Member of the Legislative Council of Western Australia
- In office 8 January 1878 – 13 February 1880
- Preceded by: Walter Padbury
- Succeeded by: E. T. Hooley
- Constituency: Swan
- In office 10 June 1887 – 7 March 1889
- Preceded by: None (new creation)
- Succeeded by: Sir Thomas Cockburn-Campbell
- Constituency: None (nominated by governor)
- In office 24 December 1890 – 9 December 1891
- Preceded by: None (new creation)
- Succeeded by: E. T. Hooley
- Constituency: None (nominated by governor)

Personal details
- Born: 22 October 1828 Kent, England
- Died: 17 September 1908 (aged 79) Guildford, Western Australia, Australia
- Spouse: Elizabeth Debra Slade (m.1852–1908; his death)

= Edmund Ralph Brockman =

Australian politician

Edmund Ralph Brockman (22 October 1828 – 17 September 1908) was an Australian farmer and politician who was a member of the Legislative Council of Western Australia on three occasions – from 1878 to 1880, from 1887 to 1889, and from 1890 to 1891.

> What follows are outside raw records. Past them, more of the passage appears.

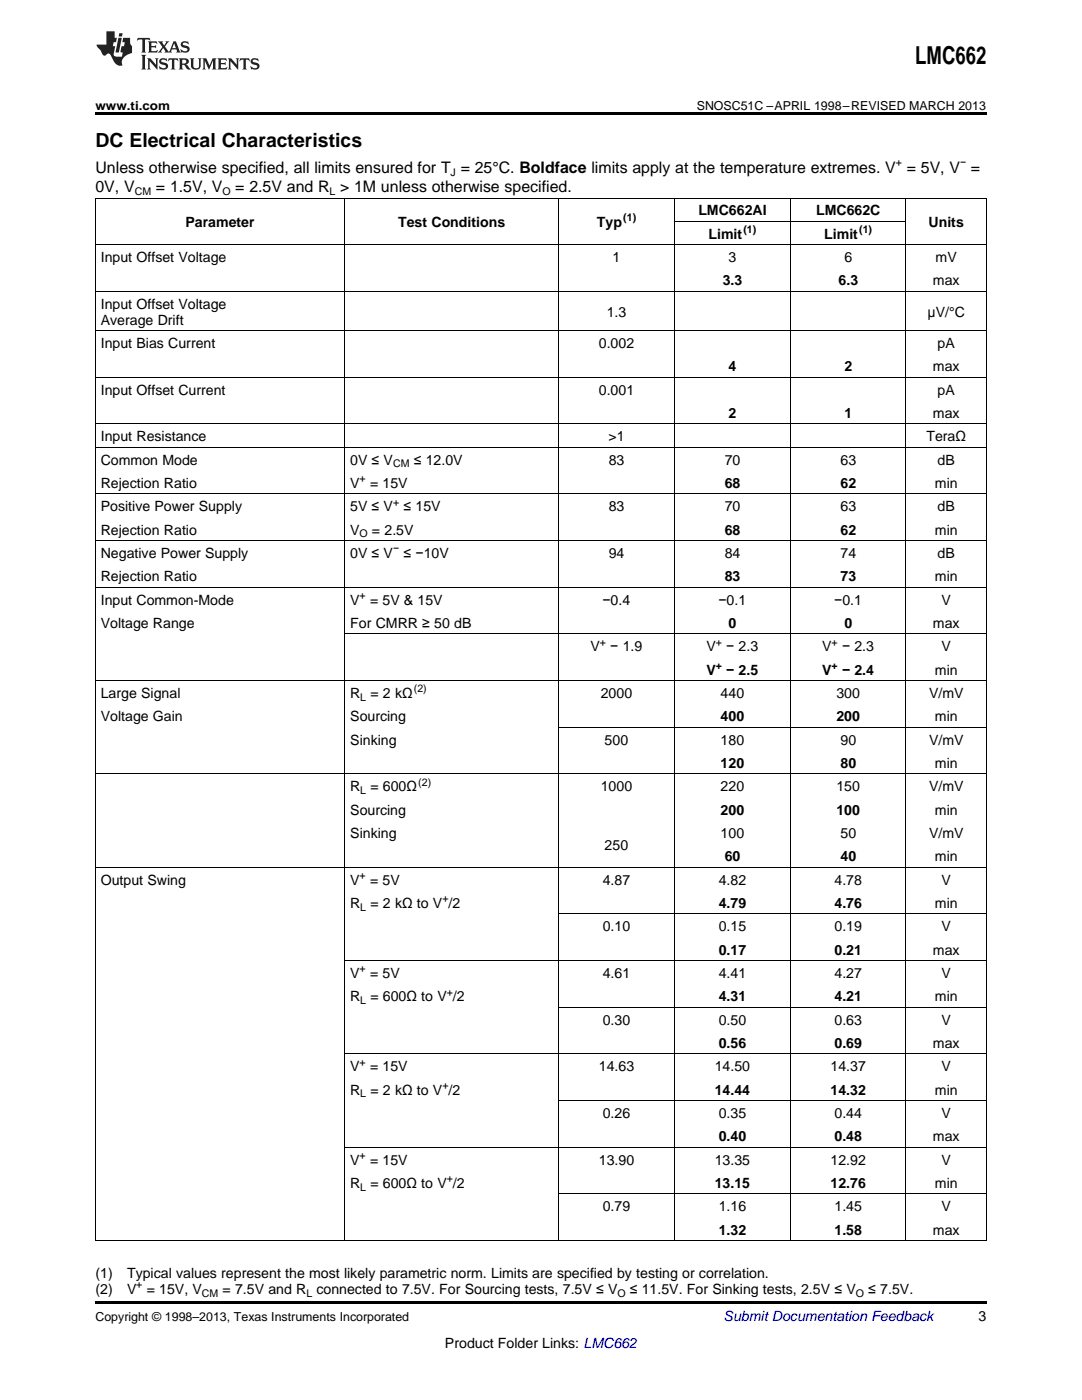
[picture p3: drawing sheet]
<svg xmlns="http://www.w3.org/2000/svg" width="216mm" height="279mm" viewBox="0 0 216 279" stroke-linecap="round" stroke-linejoin="round" font-family="sans-serif">
<defs><g id="words">
<text font-size="4.9" x="182.6" y="12.8">LMC662</text>
<text font-size="3.9" x="19" y="29.3">DC Electrical Characteristics</text>
<g font-size="3.2">
<text x="19" y="34.4">Unless otherwise specified, all limits ensured for T = 25°C. Boldface limits apply at the temperature extremes. V = 5V, V =</text>
<text x="19" y="38.3">0V, V</text>
<text x="31.1" y="38.3">= 1.5V, V</text>
<text x="47" y="38.3">= 2.5V and R &gt; 1M unless otherwise specified.</text>
</g>
<g font-size="2.8">
<text x="37" y="45.3">Parameter</text>
<text x="79.4" y="45.3">Test Conditions</text>
<text x="119.1" y="45.3">Typ</text>
<text x="139.3" y="43">LMC662AI</text>
<text x="141.4" y="47.6">Limit</text>
<text x="162.8" y="43">LMC662C</text>
<text x="164.5" y="47.6">Limit</text>
<text x="185.3" y="45.3">Units</text>
<text x="20.1" y="52.3">Input Offset Voltage</text>
<text x="122.2" y="52.3">1</text>
<text x="145.4" y="52.3">3</text>
<text x="168.5" y="52.3">6</text>
<text x="186.7" y="52.3">mV</text>
<text x="144.2" y="56.9">3.3</text>
<text x="167.3" y="56.9">6.3</text>
<text x="186.2" y="56.9">max</text>
<text x="20.1" y="61.6">Input Offset Voltage</text>
<text x="20.1" y="64.8">Average Drift</text>
<text x="121.1" y="63.2">1.3</text>
<text x="185.1" y="63.2">μV/°C</text>
<text x="20.1" y="69.4">Input Bias Current</text>
<text x="119.5" y="69.4">0.002</text>
<text x="187.1" y="69.4">pA</text>
<text x="145.4" y="74.1">4</text>
<text x="168.5" y="74.1">2</text>
<text x="186.2" y="74.1">max</text>
<text x="20.1" y="78.7">Input Offset Current</text>
<text x="119.5" y="78.7">0.001</text>
<text x="145.4" y="83.4">2</text>
<text x="168.5" y="83.4">1</text>
<text x="186.2" y="83.4">max</text>
<text x="187.1" y="78.7">pA</text>
<text x="20.1" y="88.1">Input Resistance</text>
<text x="121.4" y="88.1">&gt;1</text>
<text x="184.9" y="88.1">TeraΩ</text>
<text x="20.1" y="92.7">Common Mode</text>
<text x="69.9" y="92.7">0V ≤ V</text>
<text x="82.6" y="92.7">≤ 12.0V</text>
<text x="121.5" y="92.7">83</text>
<text x="144.6" y="92.7">70</text>
<text x="167.7" y="92.7">63</text>
<text x="187.1" y="92.7">dB</text>
<text x="20.1" y="97.4">Rejection Ratio</text>
<text x="69.9" y="97.4">V</text>
<text x="73.8" y="97.4">= 15V</text>
<text x="144.6" y="97.4">68</text>
<text x="167.7" y="97.4">62</text>
<text x="186.5" y="97.4">min</text>
<text x="20.1" y="102">Positive Power Supply</text>
<text x="20.1" y="106.7">Rejection Ratio</text>
<text x="69.9" y="102">5V ≤ V</text>
<text x="69.9" y="106.7">V</text>
<text x="74.2" y="106.7">= 2.5V</text>
<text x="80.5" y="102">≤ 15V</text>
<text x="121.5" y="102">83</text>
<text x="144.6" y="102">70</text>
<text x="144.6" y="106.7">68</text>
<text x="167.7" y="102">63</text>
<text x="167.7" y="106.7">62</text>
<text x="186.5" y="106.7">min</text>
<text x="187.1" y="102">dB</text>
<text x="20.1" y="111.3">Negative Power Supply</text>
<text x="69.9" y="111.3">0V ≤ V</text>
<text x="80.5" y="111.3">≤ −10V</text>
<text x="121.5" y="111.3">94</text>
<text x="144.6" y="111.3">84</text>
<text x="167.7" y="111.3">74</text>
<text x="187.1" y="111.3">dB</text>
<text x="20.1" y="116">Rejection Ratio</text>
<text x="144.6" y="116">83</text>
<text x="167.7" y="116">73</text>
<text x="186.5" y="116">min</text>
<text x="20.1" y="120.7">Input Common-Mode</text>
<text x="20.1" y="125.3">Voltage Range</text>
<text x="69.9" y="120.7">V</text>
<text x="69.9" y="125.3">For CMRR ≥ 50 dB</text>
<text x="73.8" y="120.7">= 5V &amp; 15V</text>
<text x="120.2" y="120.7">−0.4</text>
<text x="143.4" y="120.7">−0.1</text>
<text x="145.4" y="125.3">0</text>
<text x="166.5" y="120.7">−0.1</text>
<text x="168.5" y="125.3">0</text>
<text x="186.2" y="125.3">max</text>
<text x="187.9" y="120.7">V</text>
<text x="117.8" y="130">V</text>
<text x="121.8" y="130">− 1.9</text>
<text x="141" y="130">V</text>
<text x="144.9" y="130">− 2.3</text>
<text x="164.1" y="130">V</text>
<text x="168" y="130">− 2.3</text>
<text x="187.9" y="130">V</text>
<text x="141" y="134.6">V</text>
<text x="144.9" y="134.6">− 2.5</text>
<text x="164.1" y="134.6">V</text>
<text x="168" y="134.6">− 2.4</text>
<text x="186.5" y="134.6">min</text>
<text x="20.1" y="139.3">Large Signal</text>
<text x="20.1" y="143.9">Voltage Gain</text>
<text x="69.9" y="139.3">R</text>
<text x="69.9" y="143.9">Sourcing</text>
<text x="73.9" y="139.3">= 2 kΩ</text>
<text x="119.9" y="139.3">2000</text>
<text x="143.8" y="139.3">440</text>
<text x="143.8" y="143.9">400</text>
<text x="166.9" y="139.3">300</text>
<text x="166.9" y="143.9">200</text>
<text x="185.4" y="139.3">V/mV</text>
<text x="186.5" y="143.9">min</text>
<text x="69.9" y="148.6">Sinking</text>
<text x="120.6" y="148.6">500</text>
<text x="143.8" y="148.6">180</text>
<text x="167.7" y="148.6">90</text>
<text x="185.4" y="148.6">V/mV</text>
<text x="143.8" y="153.2">120</text>
<text x="167.7" y="153.2">80</text>
<text x="186.5" y="153.2">min</text>
<text x="69.9" y="157.9">R</text>
<text x="73.9" y="157.9">= 600Ω</text>
<text x="119.9" y="157.9">1000</text>
<text x="143.8" y="157.9">220</text>
<text x="166.9" y="157.9">150</text>
<text x="185.4" y="157.9">V/mV</text>
<text x="69.9" y="162.6">Sourcing</text>
<text x="69.9" y="167.2">Sinking</text>
<text x="143.8" y="162.6">200</text>
<text x="143.8" y="167.2">100</text>
<text x="166.9" y="162.6">100</text>
<text x="167.7" y="167.2">50</text>
<text x="185.4" y="167.2">V/mV</text>
<text x="186.5" y="162.6">min</text>
<text x="120.6" y="169.5">250</text>
<text x="144.6" y="171.9">60</text>
<text x="167.7" y="171.9">40</text>
<text x="186.5" y="171.9">min</text>
<text x="20.1" y="176.5">Output Swing</text>
<text x="69.9" y="176.5">V</text>
<text x="73.8" y="176.5">= 5V</text>
<text x="120.3" y="176.5">4.87</text>
<text x="143.4" y="176.5">4.82</text>
<text x="166.5" y="176.5">4.78</text>
<text x="187.9" y="176.5">V</text>
<text x="69.9" y="181.2">R</text>
<text x="73.9" y="181.2">= 2 kΩ to V /2</text>
<text x="120.3" y="185.8">0.10</text>
<text x="143.4" y="181.2">4.79</text>
<text x="143.4" y="185.8">0.15</text>
<text x="166.5" y="181.2">4.76</text>
<text x="166.5" y="185.8">0.19</text>
<text x="186.5" y="181.2">min</text>
<text x="187.9" y="185.8">V</text>
<text x="143.4" y="190.5">0.17</text>
<text x="166.5" y="190.5">0.21</text>
<text x="186.2" y="190.5">max</text>
<text x="69.9" y="195.2">V</text>
<text x="73.8" y="195.2">= 5V</text>
<text x="120.3" y="195.2">4.61</text>
<text x="143.4" y="195.2">4.41</text>
<text x="166.5" y="195.2">4.27</text>
<text x="187.9" y="195.2">V</text>
<text x="69.9" y="199.8">R</text>
<text x="73.9" y="199.8">= 600Ω to V /2</text>
<text x="143.4" y="199.8">4.31</text>
<text x="166.5" y="199.8">4.21</text>
<text x="186.5" y="199.8">min</text>
<text x="120.3" y="204.5">0.30</text>
<text x="143.4" y="204.5">0.50</text>
<text x="143.4" y="209.1">0.56</text>
<text x="166.5" y="204.5">0.63</text>
<text x="166.5" y="209.1">0.69</text>
<text x="186.2" y="209.1">max</text>
<text x="187.9" y="204.5">V</text>
<text x="69.9" y="213.8">V</text>
<text x="73.8" y="213.8">= 15V</text>
<text x="119.5" y="213.8">14.63</text>
<text x="142.6" y="213.8">14.50</text>
<text x="165.7" y="213.8">14.37</text>
<text x="187.9" y="213.8">V</text>
<text x="69.9" y="218.4">R</text>
<text x="73.9" y="218.4">= 2 kΩ to V /2</text>
<text x="142.6" y="218.4">14.44</text>
<text x="165.7" y="218.4">14.32</text>
<text x="186.5" y="218.4">min</text>
<text x="120.3" y="223.1">0.26</text>
<text x="143.4" y="223.1">0.35</text>
<text x="143.4" y="227.8">0.40</text>
<text x="166.5" y="223.1">0.44</text>
<text x="166.5" y="227.8">0.48</text>
<text x="186.2" y="227.8">max</text>
<text x="187.9" y="223.1">V</text>
<text x="69.9" y="232.4">V</text>
<text x="73.8" y="232.4">= 15V</text>
<text x="119.5" y="232.4">13.90</text>
<text x="142.6" y="232.4">13.35</text>
<text x="165.7" y="232.4">12.92</text>
<text x="187.9" y="232.4">V</text>
<text x="69.9" y="237.1">R</text>
<text x="73.9" y="237.1">= 600Ω to V /2</text>
<text x="142.6" y="237.1">13.15</text>
<text x="165.7" y="237.1">12.76</text>
<text x="186.5" y="237.1">min</text>
<text x="120.3" y="241.7">0.79</text>
<text x="143.4" y="241.7">1.16</text>
<text x="166.5" y="241.7">1.45</text>
<text x="187.9" y="241.7">V</text>
<text x="143.4" y="246.4">1.32</text>
<text x="166.5" y="246.4">1.58</text>
<text x="186.2" y="246.4">max</text>
<text x="19" y="255.1">(1)</text>
<text x="25.4" y="255.1">Typical values represent the most likely parametric norm. Limits are specified by testing or correlation.</text>
<text x="19" y="258.2">(2)</text>
<text x="25.4" y="258.2">V</text>
<text x="29.3" y="258.2">= 15V, V</text>
<text x="44.4" y="258.2">= 7.5V and R</text>
<text x="63.1" y="258.2">connected to 7.5V. For Sourcing tests, 7.5V ≤ V</text>
<text x="125.7" y="258.2">≤ 11.5V. For Sinking tests, 2.5V ≤ V</text>
<text x="173.2" y="258.2">≤ 7.5V.</text>
<text x="195.3" y="263.6">3</text>
<text x="88.8" y="269">Product Folder Links: LMC662</text>
</g>
<text font-size="2.8" fill="#0000c8" x="144.4" y="263.6">Submit Documentation Feedback</text>
<g font-size="2.5">
<text x="19" y="21.9">www.ti.com</text>
<text x="139" y="21.9">SNOSC51C –APRIL 1998–REVISED MARCH 2013</text>
<text x="19" y="263.6">Copyright © 1998–2013, Texas Instruments Incorporated</text>
</g>
<g font-size="2.1">
<text x="89.9" y="35.1">J</text>
<text x="178.8" y="33.2">+</text>
<text x="191.6" y="33.2">−</text>
<text x="26.9" y="38.9">CM</text>
<text x="44.4" y="38.9">O</text>
<text x="65.8" y="38.9">L</text>
<text x="124.4" y="44.2">(1)</text>
<text x="148.3" y="46.5">(1)</text>
<text x="171.4" y="46.5">(1)</text>
<text x="78.4" y="93.3">CM</text>
<text x="71.8" y="96.2">+</text>
<text x="78.4" y="100.9">+</text>
<text x="71.8" y="107.2">O</text>
<text x="78.4" y="110.2">−</text>
<text x="71.8" y="119.5">+</text>
<text x="119.7" y="128.8">+</text>
<text x="142.8" y="128.8">+</text>
<text x="165.9" y="128.8">+</text>
<text x="142.8" y="133.5">+</text>
<text x="165.9" y="133.5">+</text>
<text x="71.9" y="139.8">L</text>
<text x="82.6" y="138.1">(2)</text>
<text x="71.9" y="158.5">L</text>
<text x="83.5" y="156.8">(2)</text>
<text x="71.8" y="175.4">+</text>
<text x="71.9" y="181.8">L</text>
<text x="88.3" y="180.1">+</text>
<text x="71.8" y="194">+</text>
<text x="71.9" y="200.4">L</text>
<text x="89.1" y="198.7">+</text>
<text x="71.8" y="212.7">+</text>
<text x="71.9" y="219">L</text>
<text x="88.3" y="217.3">+</text>
<text x="71.8" y="231.3">+</text>
<text x="71.9" y="237.6">L</text>
<text x="89.1" y="235.9">+</text>
<text x="27.2" y="257.1">+</text>
<text x="40.3" y="258.8">CM</text>
<text x="61.1" y="258.8">L</text>
<text x="123.2" y="258.8">O</text>
<text x="170.8" y="258.8">O</text>
</g>
</g></defs>
<path d="M19 22.5h177.8v.5h-177.8zM19 259.7h177.8v.5h-177.8z" fill="#000"/>
<g fill="none" stroke="#000" stroke-width=".2">
<path d="M19 39.5h177.8M19.1 39.6v208M68.8 39.6v208M111.4 39.6v208M134.6 39.6v208M157.7 39.6v208M180.8 39.6v208M196.8 39.6v208M19 58.2h177.8M19 48.8h177.8M134.6 44.2h46.2M19 75.3h177.8"/>
<path d="M19 66h177.8M19 98.6h177.8M19 89.3h177.8M19 84.6h177.8M19 117.2h177.8M19 107.9h177.8M19 135.8h177.8M68.8 126.5h128M19 154.5h177.8M111.5 145.2h85.3M19 173.1h177.8M68.8 191.7h128"/>
<path d="M111.5 182.4h85.3M68.8 210.3h128M111.5 219.7h85.3M111.5 201h85.3M68.8 229h128M111.5 238.3h85.3M19 247.6h177.8"/>
</g>
<g fill="#231f20">
<path d="M27.5 7.6l-.1 .5 .4-.2h.6v.1v2.1l-.2 .4h1l-.3-.4v-2.1l.1-.1h.5l.5 .2-.2-.5zM29.5 8.3l.2 .3v1.5l-.2 .4h1.8l.2-.6a1.04 1.04 0 0 1-1.3 .2v-.7h.6l.3 .2v-.6l-.3 .2h-.6v-.6l.8-.1 .4 .3-.2-.5zM31.5 8.3l.9 1.1-.9 1.1h.8l-.2-.2 .5-.7 .4 .7-.2 .2h1.5l-.1-.2 .1-.4h.9l.1 .4-.2 .2h1l-.3-.3-.7-1.9h-.5l-.9 2-.8-1 .9-1h-.8l.1 .3-.3 .5-.4-.6 .2-.2zM34.7 8.6l.4 1h-.7zM36.3 8.4a.63 .63 0 0 0-.2 .7 .63 .63 0 0 0 .6 .4l.6 .2 .1 .2a.75 .75 0 0 1-.7 .4 .75 .75 0 0 1-.6-.5l.1 .7 .1-.1a1.11 1.11 0 0 0 1.5-.6 1.13 1.13 0 0 0-1.2-.8l-.1-.4a1.04 1.04 0 0 1 1.2 .2l-.2-.5-.1 .1-.5-.2zM28.2 10.9l.2 .4v2.2l-.2 .4h1l-.3-.4v-2.2l.3-.4zM29.3 11.6l.3 .4v1.5l-.3 .4h.8l-.2-.4v-1.3l1.5 1.7v-1.9l.2-.4h-.7l.2 .4v.9l-1.1-1.3zM32 11.8a.62 .62 0 0 0-.2 .7 .62 .62 0 0 0 .6 .4l.6 .1 .1 .3a.76 .76 0 0 1-.7 .3 .76 .76 0 0 1-.6-.4l.1 .7 .1-.1a1.11 1.11 0 0 0 1.5-.6 1.13 1.13 0 0 0-1.2-.8l-.1-.4a1.04 1.04 0 0 1 1.2 .2l-.2-.6-.1 .1-.5-.1zM33.7 11.6l-.2 .6a.61 .61 0 0 1 .8-.3v1.6l-.2 .4h.9l-.2-.4v-1.6a.63 .63 0 0 1 .8 .3l-.2-.6zM35.6 11.6l.3 .4v1.5l-.3 .4h1l-.2-.2v-.8l.5 .2a.76 .76 0 0 0 1.2 .7l-1-1a.58 .58 0 0 0 .6-.5 .58 .58 0 0 0-.5-.6zM36.4 11.9h.1a.45 .45 0 0 1 .5 .1 .45 .45 0 0 1 .1 .5l-.7 .2zM37.9 11.6l.2 .2a2.17 2.17 0 0 0 .3 1.9 .99 .99 0 0 0 1.6-.6v-1.1l.2-.4h-.7l.2 .2a1.92 1.92 0 0 1-.2 1.8 .6 .6 0 0 1-.9-.5v-1.1l.2-.4zM40.4 11.6l.2 .4v1.5l-.2 .4h.7l-.2-.4v-1.4l.8 1.8 .8-1.8v1.4l-.2 .4h.9l-.2-.4v-1.5l.2-.4h-.8l-.6 1.5-.6-1.5zM43.4 11.6l.2 .4v1.5l-.2 .4h1.8l.2-.6a1.04 1.04 0 0 1-1.3 .1v-.6h.5l.4 .2v-.6l-.4 .2h-.5v-.7h.8l.3 .3-.1-.6zM45.5 11.6l.2 .4v1.5l-.2 .4h.7l-.2-.4v-1.3l1.5 1.7v-1.9l.2-.4h-.7l.2 .4v.9l-1.1-1.3zM47.9 11.6l-.1 .6a.61 .61 0 0 1 .8-.3v1.6l-.3 .4h1l-.3-.4 .1-1.6a.63 .63 0 0 1 .7 .3l-.1-.6zM50.2 11.8a.62 .62 0 0 0-.2 .7 .62 .62 0 0 0 .6 .4l.6 .1 .2 .3a.76 .76 0 0 1-.8 .3 .76 .76 0 0 1-.6-.4l.1 .7 .2-.1a1.11 1.11 0 0 0 1.5-.6 1.13 1.13 0 0 0-1.3-.8l-.1-.4a1.04 1.04 0 0 1 1.2 .2l-.1-.6-.2 .1-.5-.1z"/>
<path d="M21.2 6.3v2.6h-1.9l.1 .4 .7 .9a.91 .91 0 0 0 1 .8 .56 .56 0 0 1 .5-.3 .56 .56 0 0 1 .5 .3l.4 .8a1.53 1.53 0 0 0 1.9 1.2 1.54 1.54 0 0 1 1-2.1l.9-.3v-1.4a1.52 1.52 0 0 1-.3-1.6h-1.4l-.2 .8h.5l-.2 .8h-.4l-.2 1v.2l.4 .1-.2 .8a1.93 1.93 0 0 1-1.6-.3l.3-1.8h-.5l.2-.8h.4l.2-.8h-.4v-1.3zM23.6 7.6l-.6 2.9h.7l.6-2.9zM23.8 6.6l-.1 .7h.6l.2-.7z"/>
</g>
<use href="#words"/>
</svg>

Brockman was born in Kent, England, to Frances Elizabeth (née Hamersley) and William Locke Brockman. His parents moved to Western Australia when he was an infant, arriving in the Swan River Colony in January 1830 (just months after its establishment). Several members of Brockman's family also became members of parliament – his younger brother, Henry Brockman; his uncle, Edward Hamersley Sr.; and two of his first cousins, Edward Hamersley Jr. and Samuel Hamersley. At the age of 18, Brockman took over the management of Seabrook, a property on the Mortlock River which his father had bought for him. He moved to Herne Hill (on the Swan River) after his father's death in 1872, and in 1875 was elected chairman of the Swan Road Board. He served in the position until 1877, and then again from 1879 to 1883.

Prominent in agricultural circles, Brockman was elected to the Legislative Council at an 1878 by-election for the seat of Swan, replacing Walter Padbury. He served for just over two years, but was defeated in 1880 by E. T. Hooley. Brockman returned to parliament in June 1887, when he was nominated to the Legislative Council by the governor, Sir Frederick Broome. He retired from the Legislative Council in March 1889, but was re-appointed in December 1890, following the council's reconstitution as an upper house (rather than a unicameral chamber). Brockman's final period in parliament lasted for just under a year, as he resigned to accept an office of profit (a government contract to supply hay). He eventually retired to Kenwick, and died in September 1908, aged 79. Brockman had married Elizabeth Deborah Slade in 1852, with whom he had six children. One of his sons was Frederick Slade Drake-Brockman, who was a Surveyor-General of Western Australia.